PARIS: Kader Arif, ex-ministre de François Hollande, a été condamné mercredi à un an de prison avec sursis par la Cour de justice de la République (CJR) pour avoir fait attribuer un marché public en 2014 à une société gérée par son frère, "une injustice" pour son avocat.
Chargé du portefeuille des Anciens combattants dans les gouvernements Ayrault puis Valls, entre 2012 et 2014, Kader Arif devra également payer une amende de 20 000 euros.
Il était accusé d'avoir fait conclure sans mise en concurrence, en mars 2014, un contrat de "media-training" de 60 000 euros entre le ministère de la Défense et la société All Access, gérée par son frère Aissa Arif, dont le nom n'apparaissait pas.

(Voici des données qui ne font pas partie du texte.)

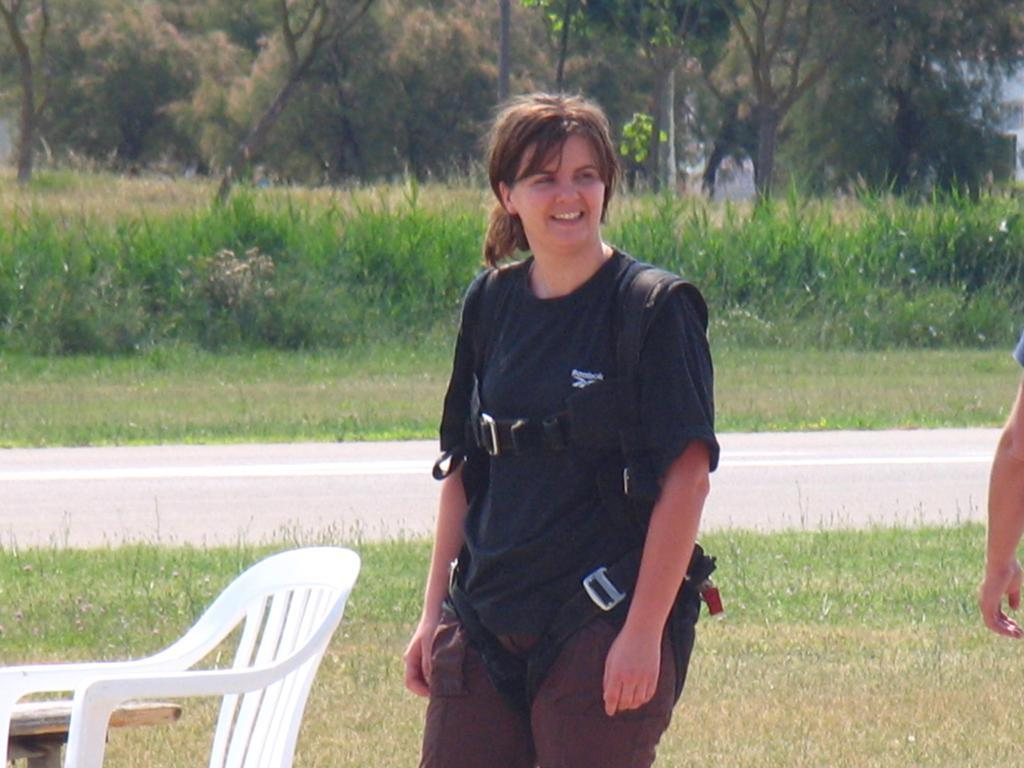Who is present in the image? There is a woman in the image. What piece of furniture is visible in the image? There is a chair in the image. What other piece of furniture is visible in the image? There is a table in the image. What type of natural environment is visible in the image? There is grass and trees visible in the image. What type of polish is the woman applying to the plane in the image? There is no plane present in the image, and therefore no polish or application can be observed. 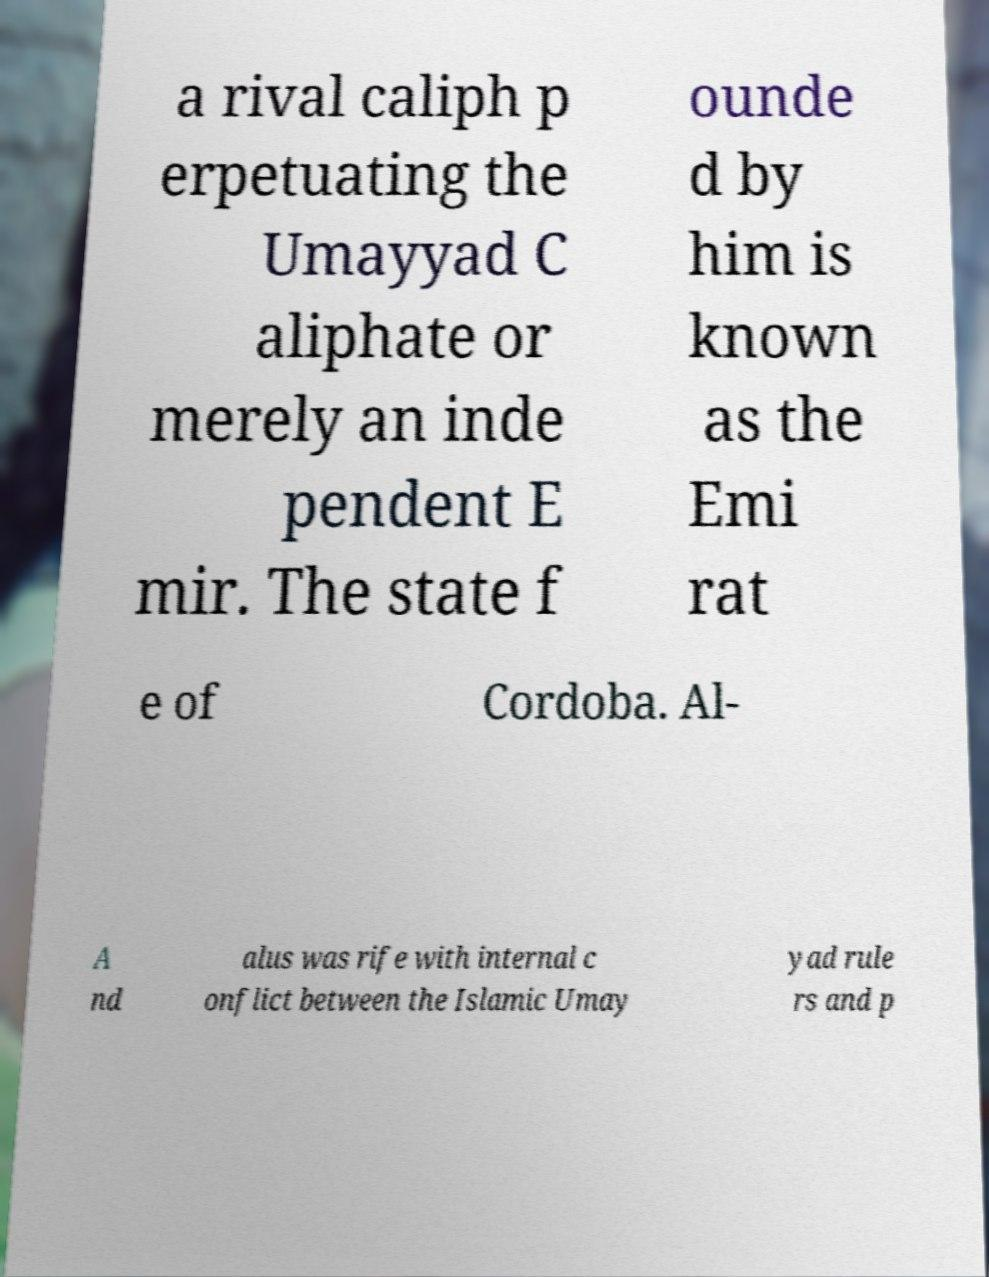Please identify and transcribe the text found in this image. a rival caliph p erpetuating the Umayyad C aliphate or merely an inde pendent E mir. The state f ounde d by him is known as the Emi rat e of Cordoba. Al- A nd alus was rife with internal c onflict between the Islamic Umay yad rule rs and p

"Kader Arif (...) s'est délibérément placé dans une situation où il ne pouvait ignorer qu'il retirait un intérêt pour lui même et ses proches de nature à compromettre tant son objectivité que son impartialité", ce qui constitue le délit de "prise illégale d'intérêt", a estimé dans son arrêt la formation de jugement de la CJR, seule instance habilitée à juger des membres du gouvernement pour des faits commis dans l'exercice de leurs fonctions.
Cette formation, composée de trois magistrats, de six députés et de six sénateurs, l'a aussi reconnu coupable des deux autres délits qui lui étaient reprochés: l'atteinte à la liberté d'accès des candidats aux marché publics et le détournement de fonds publics, en ayant déclenché le règlement de la facture alors qu'une seule séance de "media training" avait été réalisée sur les six prévues.
« Fortes hésitations »
"Huit ans d'attente et au bout une injustice", a commenté l'un de ses avocats, François Cantier, après l'annonce de la décision.
"Si M. Arif était vraiment coupable des faits qu'on lui reproche, la peine, elle, est très légère. Il y a eu très certainement de fortes hésitations sur la question centrale de la culpabilité", a-t-il analysé.
Jeudi dernier, l'accusation avait requis deux ans de prison avec sursis, 15.000 euros d'amende, ainsi qu'une interdiction d'exercer des fonctions publiques pendant cinq ans.
Si les montants en jeu sont "modestes", "un tel comportement témoigne d'une conception de l'Etat qui n'est pas acceptable et qui va à l'encontre des principes d'exemplarité et de probité" qu'on attend d'un responsable public, avait estimé le procureur général près la Cour de cassation François Molins, qui représente l'accusation à la CJR.
Estimant qu'il avait "trahi la confiance" placée en lui en cherchant à "venir en aide à sa famille par le biais de ses fonctions", M. Molins avait également retenu une volonté de "dissimulation" des liens entre son frère et la société ayant obtenu le contrat.
L'ancien ministre délégué et secrétaire d'Etat avait lui réfuté toute volonté de "tricher", assurant qu'il ne connaissait pas le rôle de son frère dans la société retenue pour le contrat.
"Je ne savais pas qui étaient ses dirigeants et qui étaient ses actionnaires", avait affirmé Kader Arif, renvoyant à son administration la responsabilité de ne pas l'avoir alerté sur un lien entre All Access et sa famille.